I am shooting them because its fun and you don't have to eat everything you shoot, thats why i am asking what do with them.


----------



## Remington 7400 (Dec 14, 2005)

It is irresponsable to shoot a ediable game animal knowing you are going to leave it laying. Either find someone to give the squirrels to, skin and eat them yourself, or quit shooting them!

:******:


----------



## Gohon (Feb 14, 2005)

Well, actually you do. For all the obvious reason you should know at 16 years of age, I believe that is what you said you were, that you are breaking state law. In Minnesota, your state, all game animals that have a season placed on them are considered protected by state law. Squirrel season in Minnesota runs from September through February which you should also know. Check your game regulations which again you should know, since a requirement of a small game license is required at 16 and you will find a section titled "Wanton Waste". What you're doing is not only being irresponsible as already noted but breaking the law.


----------



## Squirrelguy (Jan 23, 2006)

Killing a squirrel (or any other edible animal for that matter) and just letting it go to waste is immoral. Get a good small knife, cut off the tail and head off your squirrel, then cut the hide down the back from the point you cut the head off down to where you cut the tail off, peel off the hide (takes some pulling, but don't give up), cut off the feet, cut down the belly of the squirrel from the top to the bottom, pull out the all the guts, wash it off, and fry it up! Yes, it takes a little work, and yes its "icky" to skin and gut about anything, but in return you get to eat some really good meat and you get the satisfaction of knowing that you provided the meat you are eating and enjoying the sport of hunting like so many people before you. Hunting is a great sport that connects us to our past and teaches all sorts of lessons about life and death and ethics.


----------



## Cleankill47 (Jan 19, 2006)

Aylor70, try some shatterblast targets. They're fun to shoot.
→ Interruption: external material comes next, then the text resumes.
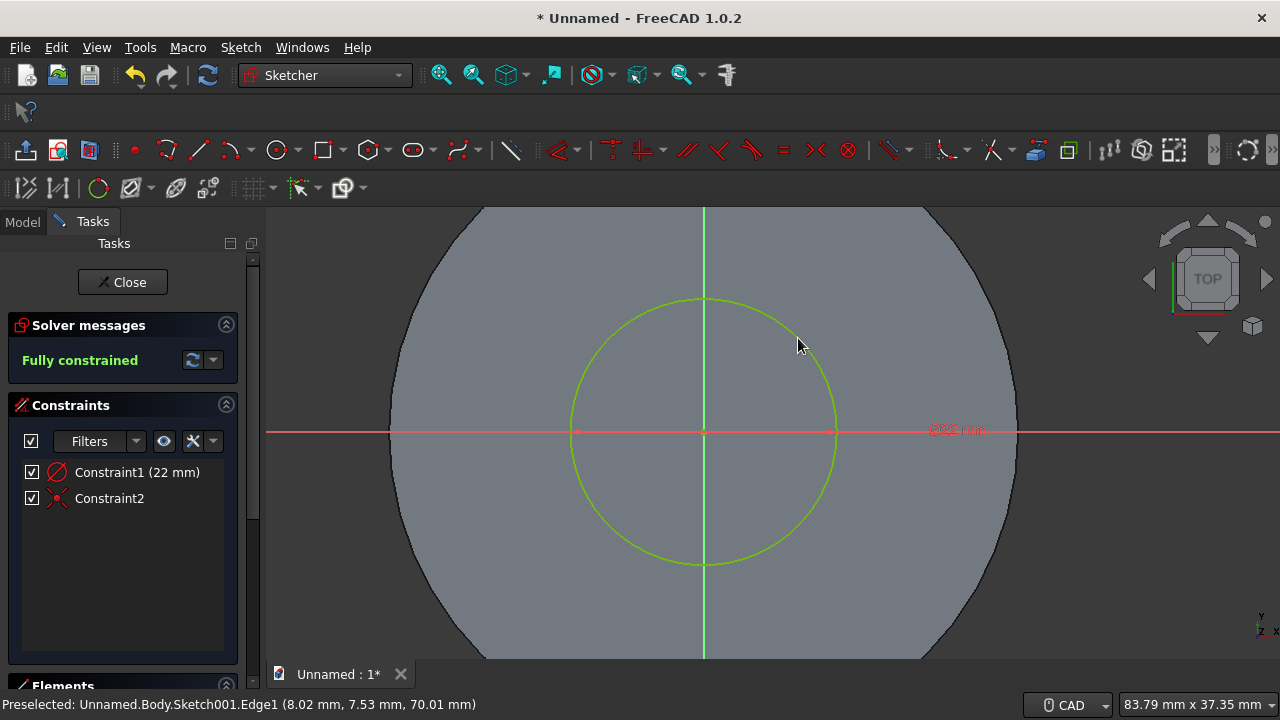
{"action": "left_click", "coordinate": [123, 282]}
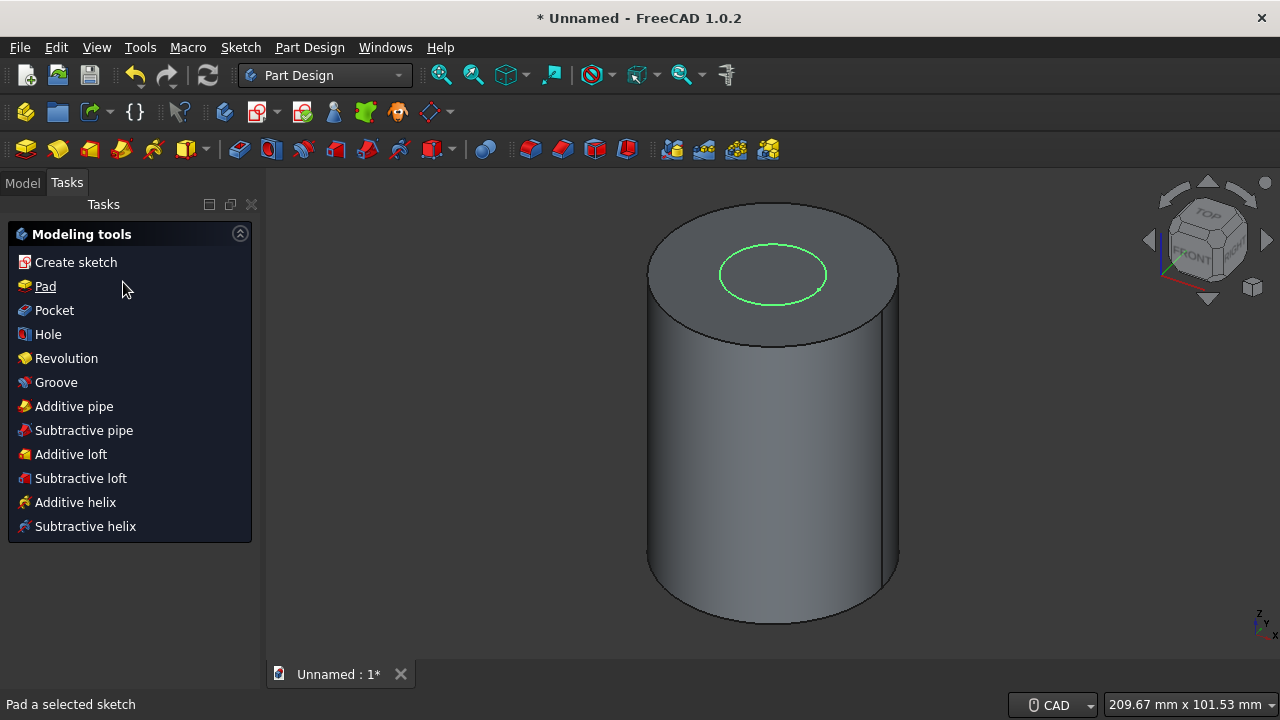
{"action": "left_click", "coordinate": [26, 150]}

As for your hunting ethics, I don't see how you can shoot something like a squirrel and not eat it, since it has some of the best-tasting meat in the animal world when properly prepared. In your state you don't need a license if you are hunting on your own land, but you should still only take squirrels that you plan to eat. If you're not going to eat them, then find someone who will, or find something else to shoot. If your problem is like mine when I was younger (no one in the house knows what to do with a game animal), then just ask us here for specific tips, such as skinning, cooking techniques, recipes, etc. That's what the forum is here for.

It's a good feeling when you eat something you've taken yourself, you also know exactly how fresh it is. There's also none of that 'too full' feeling that you get from eating processed junk. You just have to try it yourself to fully understand.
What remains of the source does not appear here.